As an exporter, you need to make sure shipping and delivery responsibilities are written down and clearly understood. Using international commercial terms (known as incoterms) in contracts can help you do this.
Incoterms are a set of internationally recognised 3-letter trade terms. They describe the practical arrangements for the delivery of goods from sellers to buyers and allocate the obligations, costs and risks between the 2 parties. They are produced by the International Chamber of Commerce (ICC) and updated periodically to reflect changing trade practices.
Elements of a contract
When you are negotiating a contract with a buyer, you’ll need to discuss and agree:
- where the goods will be delivered
- who arranges transport
- who handles and pays for insurance
- who handles customs procedures
- who pays any duties and taxes
For example, an exporter might agree to deliver goods, at the exporter’s expense, to a port in the customer’s country. The customer might then take over responsibility, arranging and paying for customs clearance and delivery to their premises. The exporter might also be responsible for arranging insurance for the goods until they reach the port, but pass this cost on to the customer.
Incoterms are used to ensure these responsibilities and handovers are clearly defined and agreed.
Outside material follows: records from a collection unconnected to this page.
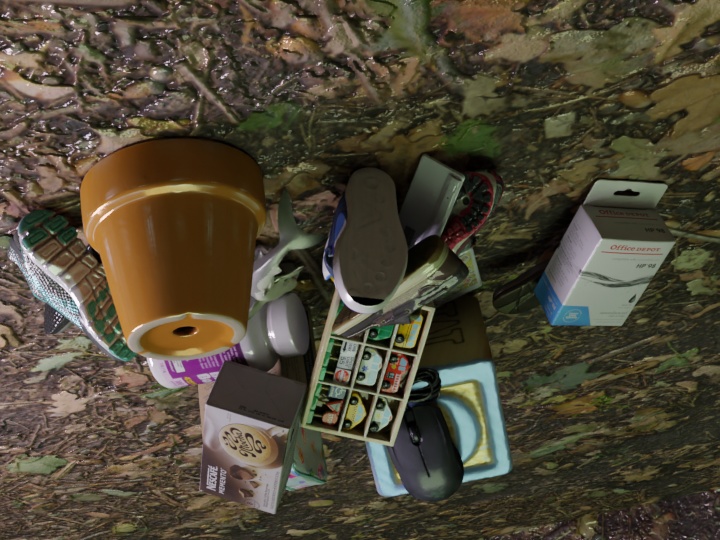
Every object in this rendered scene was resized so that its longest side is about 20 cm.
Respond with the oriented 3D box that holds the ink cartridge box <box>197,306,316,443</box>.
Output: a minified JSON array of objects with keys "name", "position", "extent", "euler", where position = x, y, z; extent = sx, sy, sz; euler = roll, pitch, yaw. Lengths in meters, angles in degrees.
[{"name":"ink cartridge box","position":[-0.147,0.158,1.621],"extent":[0.075,0.165,0.200],"euler":[13,147,-40]}]

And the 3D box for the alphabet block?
[{"name":"alphabet block","position":[0.098,0.175,1.625],"extent":[0.196,0.200,0.196],"euler":[-10,115,4]}]

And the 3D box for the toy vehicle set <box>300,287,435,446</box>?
[{"name":"toy vehicle set","position":[0.007,0.118,1.432],"extent":[0.124,0.027,0.201],"euler":[12,110,-9]}]

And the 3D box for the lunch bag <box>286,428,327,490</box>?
[{"name":"lunch bag","position":[-0.114,0.242,1.771],"extent":[0.077,0.201,0.160],"euler":[-14,157,13]}]

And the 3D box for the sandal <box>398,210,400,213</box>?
[{"name":"sandal","position":[0.069,-0.033,1.434],"extent":[0.200,0.048,0.075],"euler":[13,147,-41]}]

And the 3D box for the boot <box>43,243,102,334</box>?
[{"name":"boot","position":[-0.300,0.032,1.409],"extent":[0.130,0.068,0.200],"euler":[13,145,-36]}]

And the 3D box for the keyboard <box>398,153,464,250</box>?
[{"name":"keyboard","position":[0.062,-0.037,1.324],"extent":[0.011,0.056,0.200],"euler":[-27,144,-52]}]

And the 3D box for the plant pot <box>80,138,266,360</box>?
[{"name":"plant pot","position":[-0.192,-0.011,1.221],"extent":[0.199,0.184,0.200],"euler":[-8,155,-4]}]

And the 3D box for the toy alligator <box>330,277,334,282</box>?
[{"name":"toy alligator","position":[0.000,0.000,1.480],"extent":[0.059,0.054,0.200],"euler":[-41,158,5]}]

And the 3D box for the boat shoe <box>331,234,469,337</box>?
[{"name":"boat shoe","position":[0.044,0.034,1.310],"extent":[0.066,0.072,0.201],"euler":[39,132,-14]}]

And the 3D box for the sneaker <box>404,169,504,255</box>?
[{"name":"sneaker","position":[0.099,-0.039,1.354],"extent":[0.200,0.081,0.075],"euler":[-45,170,30]}]

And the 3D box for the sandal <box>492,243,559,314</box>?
[{"name":"sandal","position":[0.270,-0.002,1.563],"extent":[0.200,0.055,0.082],"euler":[-27,138,16]}]

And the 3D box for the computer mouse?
[{"name":"computer mouse","position":[0.074,0.237,1.514],"extent":[0.138,0.053,0.200],"euler":[-23,113,8]}]

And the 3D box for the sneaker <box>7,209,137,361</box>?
[{"name":"sneaker","position":[-0.325,0.022,1.300],"extent":[0.091,0.200,0.078],"euler":[-20,-161,48]}]

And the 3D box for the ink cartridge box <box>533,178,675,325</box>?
[{"name":"ink cartridge box","position":[0.319,-0.019,1.468],"extent":[0.115,0.067,0.200],"euler":[1,135,-22]}]

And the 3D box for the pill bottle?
[{"name":"pill bottle","position":[-0.174,0.088,1.507],"extent":[0.199,0.113,0.112],"euler":[-11,156,15]}]

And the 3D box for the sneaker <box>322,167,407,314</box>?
[{"name":"sneaker","position":[0.000,-0.002,1.286],"extent":[0.080,0.201,0.147],"euler":[8,141,-8]}]

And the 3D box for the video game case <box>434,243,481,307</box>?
[{"name":"video game case","position":[0.071,0.028,1.510],"extent":[0.182,0.023,0.200],"euler":[-26,163,3]}]

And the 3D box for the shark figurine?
[{"name":"shark figurine","position":[-0.124,-0.012,1.382],"extent":[0.128,0.090,0.215],"euler":[-39,171,-18]}]

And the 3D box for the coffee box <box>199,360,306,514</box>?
[{"name":"coffee box","position":[-0.143,0.221,1.495],"extent":[0.113,0.080,0.200],"euler":[16,136,4]}]

As well as delivery details, the contract should cover payment. This should include what currency payment will be made in, how much will be paid, when payment is due and what payment method will be used.
Contracts for service exporters
Exporters in the services sector cannot use incoterms, as there is no physical product that has to be shipped.
Therefore, when you are negotiating contracts for service provision it is important to define exactly what services you are providing and to what standards.
Commonly used incoterms
The latest version of incoterms, Incoterms 2020, came into effect on 1 January, 2020. The new version is similar to the previous one, Incoterms 2010, but it takes into account developments in commercial practice, and updates the rules to make them easier to use.
There are 11 incoterms in Incoterms 2020. The most commonly used are:
1. Ex Works (EXW)
The seller makes the goods available at the seller’s location, so the buyer can take over all the transportation costs and also bears the risks of bringing the goods to their final destination.
2. Free Carrier (FCA)
The seller is responsible for delivery of goods to a named carrier. Responsibility for cost and risk then passes to the buyer.
3. Free Alongside Ship (FAS)
The seller must place the goods alongside the ship at the named UK port. The risk of loss or damage to the goods passes when the goods are alongside the ship, and the buyer bears all the costs from that moment on.
4. Free on Board (FOB)
The seller is responsible for all costs involved in the process up until the goods are loaded on to a vessel at the named UK port. Once goods have been loaded, the buyer is responsible for any costs and risks involved in the onward shipment.
5. Cost and Freight (CFR)
The seller must pay the costs and freight to bring the goods to the overseas port of destination. The buyer pays costs and takes risk from then on.
6. Cost, Insurance and Freight (CIF)
This is the same as CFR. However, the seller must also obtain and pay for the insurance.
The default level of insurance cover under CIF is Institute Cargo Clauses (C). This applies to both 2010 and 2020 Incoterms.
7. Carrier and Insurance Paid to (CIP)
The seller pays for the carriage and insurance to the named overseas destination point, but risk passes when the goods are handed over to the first carrier.
The default level of insurance cover under CIP is Institute Cargo Clauses (A). This is a higher level of cover for CIP than Incoterms 2010, which specified Institute Cargo Clauses (C).
8. Delivered at Place Unloaded (DPU)
The exporter arranges carriage and delivery of the goods, ready for unloading at the named place. The seller is required to unload the goods at this destination.
After the goods’ arrival, the customs clearance in the importing country needs to be completed by the buyer at his own cost and risk, including payment of all customs duties and taxes.
This is a retitling of the Incoterms 2010 term Delivered at Terminal (DAT), making it clear that delivery can happen anywhere, not just at a terminal.
9. Delivered Duty Paid (DDP)
The seller is responsible for delivering the goods to the named place in the country of the buyer, and pays all costs in bringing the goods to the destination.
As of 1 January 2020, trading partners are free to adopt the incoterms revision of their choice. The version you are using should be clearly specified in any commercial contracts.